### [Input]
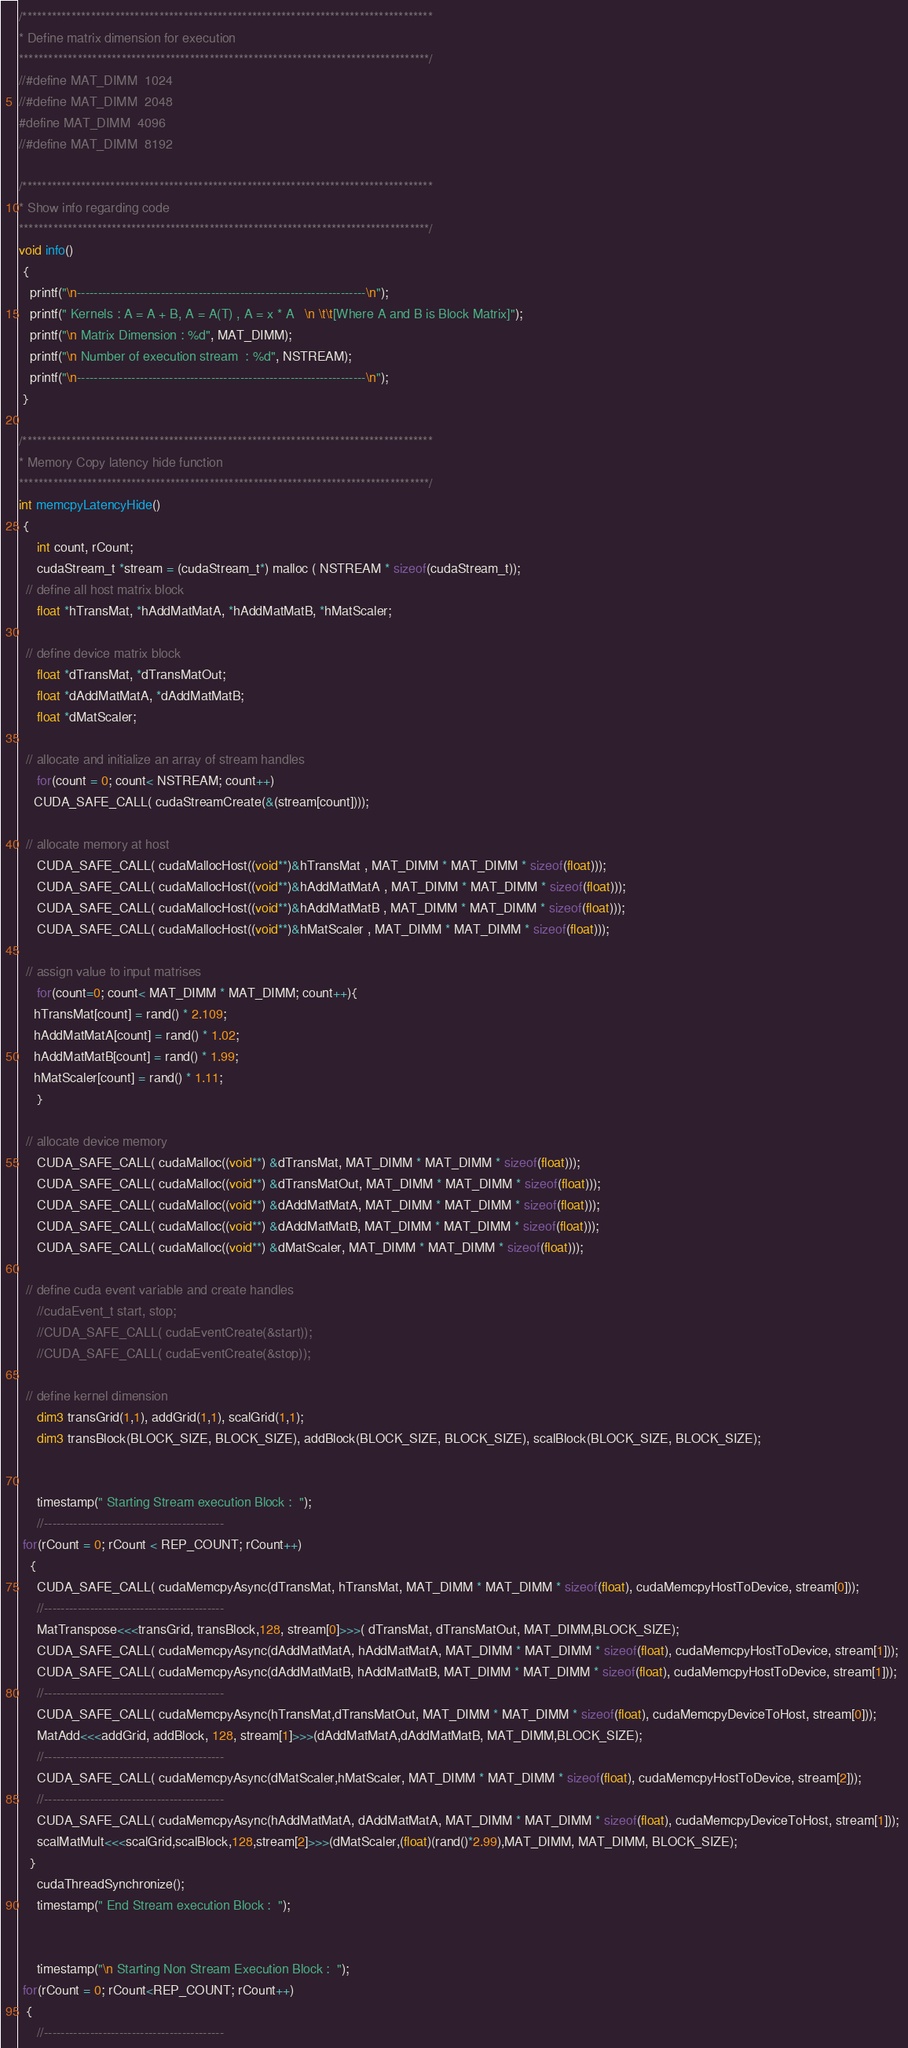Convert code to text. <code><loc_0><loc_0><loc_500><loc_500><_Cuda_>

/************************************************************************************
* Define matrix dimension for execution
************************************************************************************/
//#define MAT_DIMM  1024
//#define MAT_DIMM  2048
#define MAT_DIMM  4096
//#define MAT_DIMM  8192

/************************************************************************************
* Show info regarding code
************************************************************************************/
void info()
 {
   printf("\n---------------------------------------------------------------------\n");
   printf(" Kernels : A = A + B, A = A(T) , A = x * A   \n \t\t[Where A and B is Block Matrix]");
   printf("\n Matrix Dimension : %d", MAT_DIMM);
   printf("\n Number of execution stream  : %d", NSTREAM);
   printf("\n---------------------------------------------------------------------\n");
 }

/************************************************************************************
* Memory Copy latency hide function
************************************************************************************/
int memcpyLatencyHide()
 {
     int count, rCount;
     cudaStream_t *stream = (cudaStream_t*) malloc ( NSTREAM * sizeof(cudaStream_t));
  // define all host matrix block
     float *hTransMat, *hAddMatMatA, *hAddMatMatB, *hMatScaler;
  
  // define device matrix block
     float *dTransMat, *dTransMatOut; 
     float *dAddMatMatA, *dAddMatMatB;  
     float *dMatScaler; 	
    
  // allocate and initialize an array of stream handles
     for(count = 0; count< NSTREAM; count++)
	CUDA_SAFE_CALL( cudaStreamCreate(&(stream[count])));
 
  // allocate memory at host
     CUDA_SAFE_CALL( cudaMallocHost((void**)&hTransMat , MAT_DIMM * MAT_DIMM * sizeof(float)));
     CUDA_SAFE_CALL( cudaMallocHost((void**)&hAddMatMatA , MAT_DIMM * MAT_DIMM * sizeof(float)));
     CUDA_SAFE_CALL( cudaMallocHost((void**)&hAddMatMatB , MAT_DIMM * MAT_DIMM * sizeof(float)));
     CUDA_SAFE_CALL( cudaMallocHost((void**)&hMatScaler , MAT_DIMM * MAT_DIMM * sizeof(float)));

  // assign value to input matrises
     for(count=0; count< MAT_DIMM * MAT_DIMM; count++){
	hTransMat[count] = rand() * 2.109;
	hAddMatMatA[count] = rand() * 1.02;
	hAddMatMatB[count] = rand() * 1.99;
	hMatScaler[count] = rand() * 1.11;
     }
  
  // allocate device memory
     CUDA_SAFE_CALL( cudaMalloc((void**) &dTransMat, MAT_DIMM * MAT_DIMM * sizeof(float))); 
     CUDA_SAFE_CALL( cudaMalloc((void**) &dTransMatOut, MAT_DIMM * MAT_DIMM * sizeof(float))); 
     CUDA_SAFE_CALL( cudaMalloc((void**) &dAddMatMatA, MAT_DIMM * MAT_DIMM * sizeof(float))); 
     CUDA_SAFE_CALL( cudaMalloc((void**) &dAddMatMatB, MAT_DIMM * MAT_DIMM * sizeof(float))); 
     CUDA_SAFE_CALL( cudaMalloc((void**) &dMatScaler, MAT_DIMM * MAT_DIMM * sizeof(float))); 

  // define cuda event variable and create handles
     //cudaEvent_t start, stop;
     //CUDA_SAFE_CALL( cudaEventCreate(&start));
     //CUDA_SAFE_CALL( cudaEventCreate(&stop));
 
  // define kernel dimension 
     dim3 transGrid(1,1), addGrid(1,1), scalGrid(1,1);
     dim3 transBlock(BLOCK_SIZE, BLOCK_SIZE), addBlock(BLOCK_SIZE, BLOCK_SIZE), scalBlock(BLOCK_SIZE, BLOCK_SIZE);


     timestamp(" Starting Stream execution Block :  ");
     //-------------------------------------------
 for(rCount = 0; rCount < REP_COUNT; rCount++)
   {
     CUDA_SAFE_CALL( cudaMemcpyAsync(dTransMat, hTransMat, MAT_DIMM * MAT_DIMM * sizeof(float), cudaMemcpyHostToDevice, stream[0])); 
     //-------------------------------------------
     MatTranspose<<<transGrid, transBlock,128, stream[0]>>>( dTransMat, dTransMatOut, MAT_DIMM,BLOCK_SIZE);
     CUDA_SAFE_CALL( cudaMemcpyAsync(dAddMatMatA, hAddMatMatA, MAT_DIMM * MAT_DIMM * sizeof(float), cudaMemcpyHostToDevice, stream[1])); 
     CUDA_SAFE_CALL( cudaMemcpyAsync(dAddMatMatB, hAddMatMatB, MAT_DIMM * MAT_DIMM * sizeof(float), cudaMemcpyHostToDevice, stream[1])); 
     //-------------------------------------------
     CUDA_SAFE_CALL( cudaMemcpyAsync(hTransMat,dTransMatOut, MAT_DIMM * MAT_DIMM * sizeof(float), cudaMemcpyDeviceToHost, stream[0])); 
     MatAdd<<<addGrid, addBlock, 128, stream[1]>>>(dAddMatMatA,dAddMatMatB, MAT_DIMM,BLOCK_SIZE);
     //-------------------------------------------
     CUDA_SAFE_CALL( cudaMemcpyAsync(dMatScaler,hMatScaler, MAT_DIMM * MAT_DIMM * sizeof(float), cudaMemcpyHostToDevice, stream[2])); 
     //-------------------------------------------
     CUDA_SAFE_CALL( cudaMemcpyAsync(hAddMatMatA, dAddMatMatA, MAT_DIMM * MAT_DIMM * sizeof(float), cudaMemcpyDeviceToHost, stream[1])); 
     scalMatMult<<<scalGrid,scalBlock,128,stream[2]>>>(dMatScaler,(float)(rand()*2.99),MAT_DIMM, MAT_DIMM, BLOCK_SIZE);
   }
     cudaThreadSynchronize();
     timestamp(" End Stream execution Block :  ");
   
   
     timestamp("\n Starting Non Stream Execution Block :  ");
 for(rCount = 0; rCount<REP_COUNT; rCount++)
  {
     //-------------------------------------------</code>

### [Aim of the exercise]
Set down all the entries exactly as they appear, but skip any pictures.

### [Answer box]
Convert code to text. <code><loc_0><loc_0><loc_500><loc_500><_Cuda_>

/************************************************************************************
* Define matrix dimension for execution
************************************************************************************/
//#define MAT_DIMM  1024
//#define MAT_DIMM  2048
#define MAT_DIMM  4096
//#define MAT_DIMM  8192

/************************************************************************************
* Show info regarding code
************************************************************************************/
void info()
 {
   printf("\n---------------------------------------------------------------------\n");
   printf(" Kernels : A = A + B, A = A(T) , A = x * A   \n \t\t[Where A and B is Block Matrix]");
   printf("\n Matrix Dimension : %d", MAT_DIMM);
   printf("\n Number of execution stream  : %d", NSTREAM);
   printf("\n---------------------------------------------------------------------\n");
 }

/************************************************************************************
* Memory Copy latency hide function
************************************************************************************/
int memcpyLatencyHide()
 {
     int count, rCount;
     cudaStream_t *stream = (cudaStream_t*) malloc ( NSTREAM * sizeof(cudaStream_t));
  // define all host matrix block
     float *hTransMat, *hAddMatMatA, *hAddMatMatB, *hMatScaler;
  
  // define device matrix block
     float *dTransMat, *dTransMatOut; 
     float *dAddMatMatA, *dAddMatMatB;  
     float *dMatScaler; 	
    
  // allocate and initialize an array of stream handles
     for(count = 0; count< NSTREAM; count++)
	CUDA_SAFE_CALL( cudaStreamCreate(&(stream[count])));
 
  // allocate memory at host
     CUDA_SAFE_CALL( cudaMallocHost((void**)&hTransMat , MAT_DIMM * MAT_DIMM * sizeof(float)));
     CUDA_SAFE_CALL( cudaMallocHost((void**)&hAddMatMatA , MAT_DIMM * MAT_DIMM * sizeof(float)));
     CUDA_SAFE_CALL( cudaMallocHost((void**)&hAddMatMatB , MAT_DIMM * MAT_DIMM * sizeof(float)));
     CUDA_SAFE_CALL( cudaMallocHost((void**)&hMatScaler , MAT_DIMM * MAT_DIMM * sizeof(float)));

  // assign value to input matrises
     for(count=0; count< MAT_DIMM * MAT_DIMM; count++){
	hTransMat[count] = rand() * 2.109;
	hAddMatMatA[count] = rand() * 1.02;
	hAddMatMatB[count] = rand() * 1.99;
	hMatScaler[count] = rand() * 1.11;
     }
  
  // allocate device memory
     CUDA_SAFE_CALL( cudaMalloc((void**) &dTransMat, MAT_DIMM * MAT_DIMM * sizeof(float))); 
     CUDA_SAFE_CALL( cudaMalloc((void**) &dTransMatOut, MAT_DIMM * MAT_DIMM * sizeof(float))); 
     CUDA_SAFE_CALL( cudaMalloc((void**) &dAddMatMatA, MAT_DIMM * MAT_DIMM * sizeof(float))); 
     CUDA_SAFE_CALL( cudaMalloc((void**) &dAddMatMatB, MAT_DIMM * MAT_DIMM * sizeof(float))); 
     CUDA_SAFE_CALL( cudaMalloc((void**) &dMatScaler, MAT_DIMM * MAT_DIMM * sizeof(float))); 

  // define cuda event variable and create handles
     //cudaEvent_t start, stop;
     //CUDA_SAFE_CALL( cudaEventCreate(&start));
     //CUDA_SAFE_CALL( cudaEventCreate(&stop));
 
  // define kernel dimension 
     dim3 transGrid(1,1), addGrid(1,1), scalGrid(1,1);
     dim3 transBlock(BLOCK_SIZE, BLOCK_SIZE), addBlock(BLOCK_SIZE, BLOCK_SIZE), scalBlock(BLOCK_SIZE, BLOCK_SIZE);


     timestamp(" Starting Stream execution Block :  ");
     //-------------------------------------------
 for(rCount = 0; rCount < REP_COUNT; rCount++)
   {
     CUDA_SAFE_CALL( cudaMemcpyAsync(dTransMat, hTransMat, MAT_DIMM * MAT_DIMM * sizeof(float), cudaMemcpyHostToDevice, stream[0])); 
     //-------------------------------------------
     MatTranspose<<<transGrid, transBlock,128, stream[0]>>>( dTransMat, dTransMatOut, MAT_DIMM,BLOCK_SIZE);
     CUDA_SAFE_CALL( cudaMemcpyAsync(dAddMatMatA, hAddMatMatA, MAT_DIMM * MAT_DIMM * sizeof(float), cudaMemcpyHostToDevice, stream[1])); 
     CUDA_SAFE_CALL( cudaMemcpyAsync(dAddMatMatB, hAddMatMatB, MAT_DIMM * MAT_DIMM * sizeof(float), cudaMemcpyHostToDevice, stream[1])); 
     //-------------------------------------------
     CUDA_SAFE_CALL( cudaMemcpyAsync(hTransMat,dTransMatOut, MAT_DIMM * MAT_DIMM * sizeof(float), cudaMemcpyDeviceToHost, stream[0])); 
     MatAdd<<<addGrid, addBlock, 128, stream[1]>>>(dAddMatMatA,dAddMatMatB, MAT_DIMM,BLOCK_SIZE);
     //-------------------------------------------
     CUDA_SAFE_CALL( cudaMemcpyAsync(dMatScaler,hMatScaler, MAT_DIMM * MAT_DIMM * sizeof(float), cudaMemcpyHostToDevice, stream[2])); 
     //-------------------------------------------
     CUDA_SAFE_CALL( cudaMemcpyAsync(hAddMatMatA, dAddMatMatA, MAT_DIMM * MAT_DIMM * sizeof(float), cudaMemcpyDeviceToHost, stream[1])); 
     scalMatMult<<<scalGrid,scalBlock,128,stream[2]>>>(dMatScaler,(float)(rand()*2.99),MAT_DIMM, MAT_DIMM, BLOCK_SIZE);
   }
     cudaThreadSynchronize();
     timestamp(" End Stream execution Block :  ");
   
   
     timestamp("\n Starting Non Stream Execution Block :  ");
 for(rCount = 0; rCount<REP_COUNT; rCount++)
  {
     //-------------------------------------------</code>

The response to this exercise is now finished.